College in America Blog

How To Choose a College

Going to college used to be the “no-brainer” path to middle-class, or better, financial success. However, in the last twenty years, this paradigm has self-destructed. Tuition has gone up 200%. The job market has undergone a dramatic transformation, i.e. there are nowhere near enough suitable jobs given the number of sheepskins being churned out by those institutions of higher learning.

Making a “success” out of college today has become extremely difficult. Only one in four who matriculate, graduate and get a good job. Seventy percent leave college with student loan debt—for some, financially crippling.

Here are three websites that describe a traditional timeline for choosing a college:

www.usnews.com/education/best-colleges/articles/2013/09/23/create-a-to-do-list-for-your-college-search

www.petersons.com/college-search/planning-list-students-parents.aspx

www.khanacademy.org/college-careers-more/college-admissions/get-started/introduction-ca/a/master-timeline-college-admissions

I could probably find a dozen more, but these three should make my point:

The “traditional” method of choosing a college is seriously flawed.

In the traditional process the three biggest weaknesses are that it:

  • Ignores “affordability,” and leaves the “financial moment of truth” much too late in the process.
  • Doesn’t address the need for a “whole degree” financial plan.
  • Accepts the premise that college is about exploring and “finding yourself.”

Affordability

Five out of eight young people think their parents will pay for any college they choose regardless of cost.

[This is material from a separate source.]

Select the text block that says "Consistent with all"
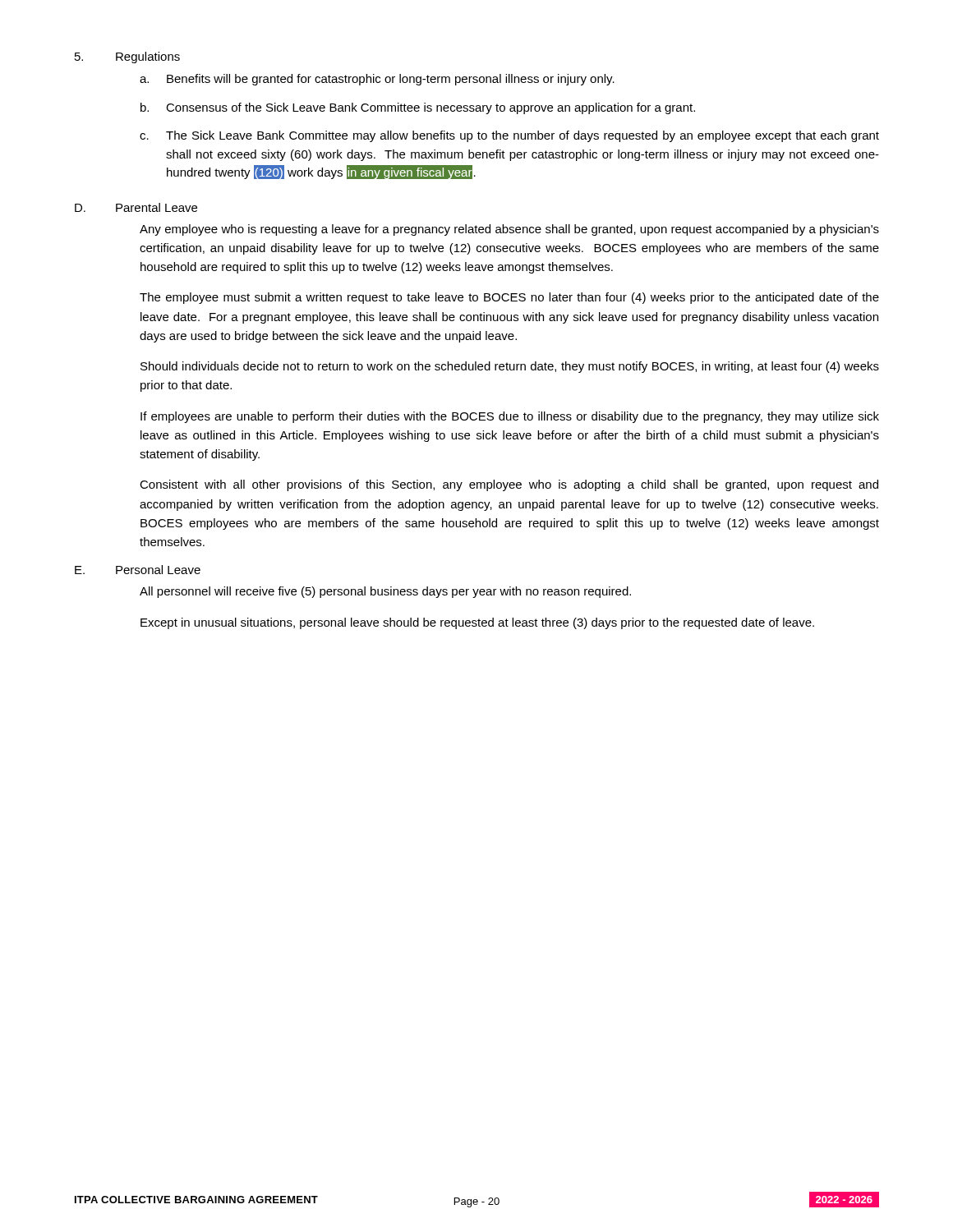 click(x=509, y=513)
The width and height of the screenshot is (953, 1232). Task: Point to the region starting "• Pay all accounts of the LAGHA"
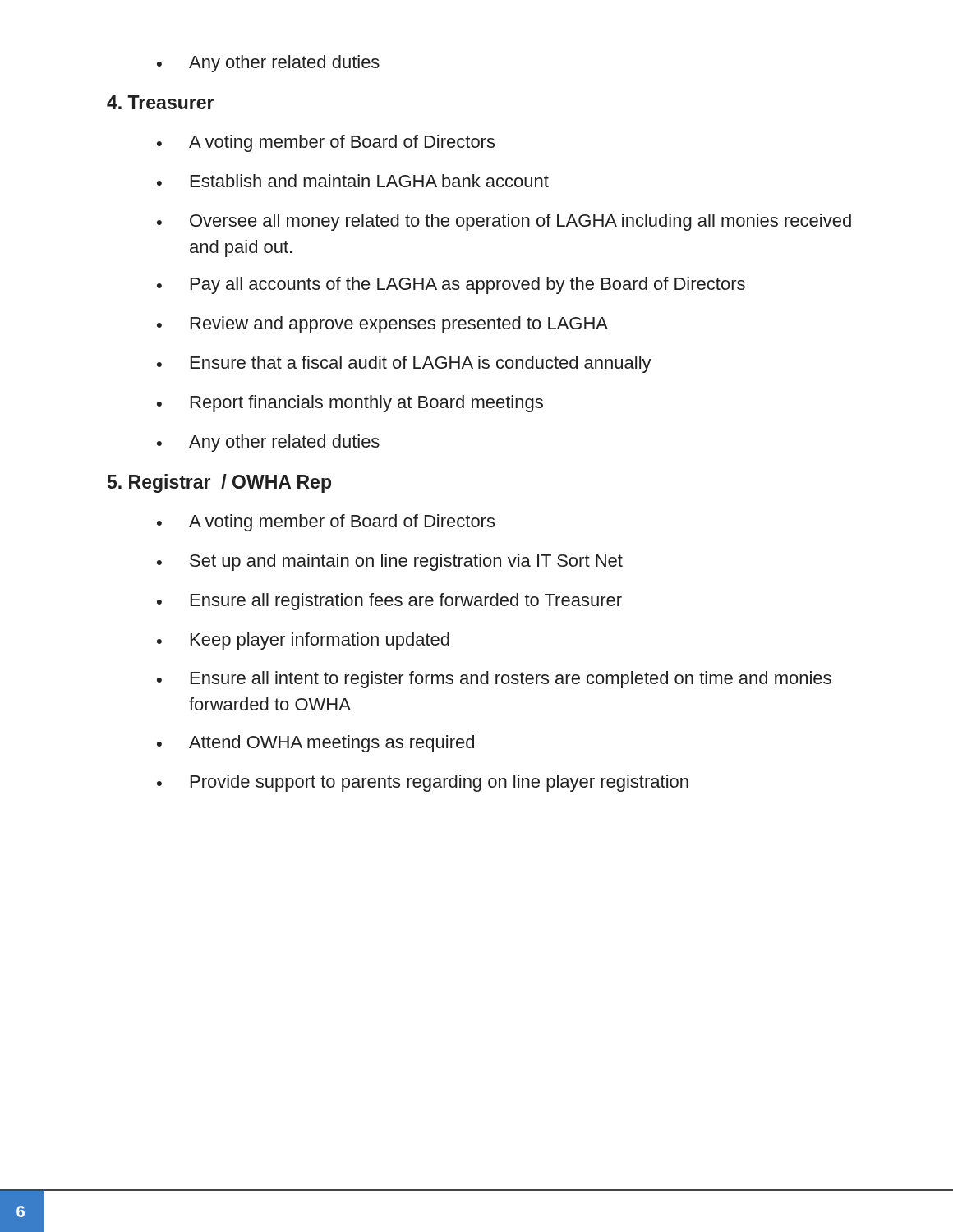[x=518, y=285]

Studies show that most of them are in for a big, unpleasant surprise. The current methodology leads to many parents and students “meeting their Waterloo” on, or about, April 1st of the senior year when those financial-aid award letters arrive. At that point, they have one month to make an emotion filled, life-defining decision. In my opinion, this is one of the major drivers of the student loan crisis. Parents don’t want to see their kids disappointed, and they think, “We’ll deal with that “loan business” down the road. How bad can it be?”

That April “crunch time” is also indicative of parents not managing their student’s expectations. The time to do the preliminary planning and start the conversation about post-secondary education options is middle-school when there is still “plenty of runway” to work with.

Financial Planning

If you read, The Boys In the Boat, you will hear the story of how nine sons of working-class families achieved glory in the 1936 Olympics. You will also learn what it was like to work your way through college during The Great Depression. I can attest that the picture hadn’t changed thirty years later. Today working your way through college with a minimum wage job is almost impossible.

For many families, post-secondary education expenses for their offspring represent their second biggest financial challenge. However, it is common to see families send their teenagers off to college without a “whole degree” financial plan, or without much of any kind of financial plan, for that matter. A good plan lays out a timeline to the desired degree, projects line-by-line costs for each year, and the source of the funds to meet those costs.

There is an old Yiddish saying, “Man plans. God laughs.” Even with a detailed plan, execution is difficult. More and more often those four-year degrees end up requiring five, or even, six years. Running out of funds is a major cause of students dropping out.

Finding Yourself

Very few families can afford the luxury of sending “little Joanie” off to college to “find herself” these days. When you show up at the ivy covered gates you need to be ready to go to work.

Fifty percent show up at their new dorm room with no inkling of a major. (One wonders about how much serious thought the other fifty percent have given the idea.) Eighty percent will change majors, many, multiple times. When tuition was $500 a year this wasn’t such a serious problem. At $10,000 this can be a “game breaker.”

The second issue regarding majors is how do you make an intelligent financial planning decision on student loans without having a “targeted starting salary?”

Dr. Kevin Fleming in his book, (RE)Defining the Goal: The True Path to Career Readiness in the 21st Century, describes “Flip the College Decision-Making Paradigm.” Choose a career. Determine your major. Pick your school. Most kids do the exact opposite. What if you decide that Computer Science is the key to your future career, but the school you choose doesn’t have a strong program?

Just like “affordability” the time to begin this conversation is middle-school. Start exploring. Have your parents take you to “Career Night” at your local hospital. Go to “STEM Camp” at a nearby college. Join a club. Volunteer. With your parents help arrange some “shadow days.” (I know that feels a little weird. The person you are going to be shadowing is going to be thrilled. Their spouse and kids have no interest in their job at all. Your hanging around is going to be the highlight of their week.) The idea is to expose yourself to a lot of different fields.

Summary

Your high school guidance counselor is probably going to be following a form of the tradition “choose your college” game plan. I suggest that parents and their student develop their own game plan that addresses the issues discussed in this post.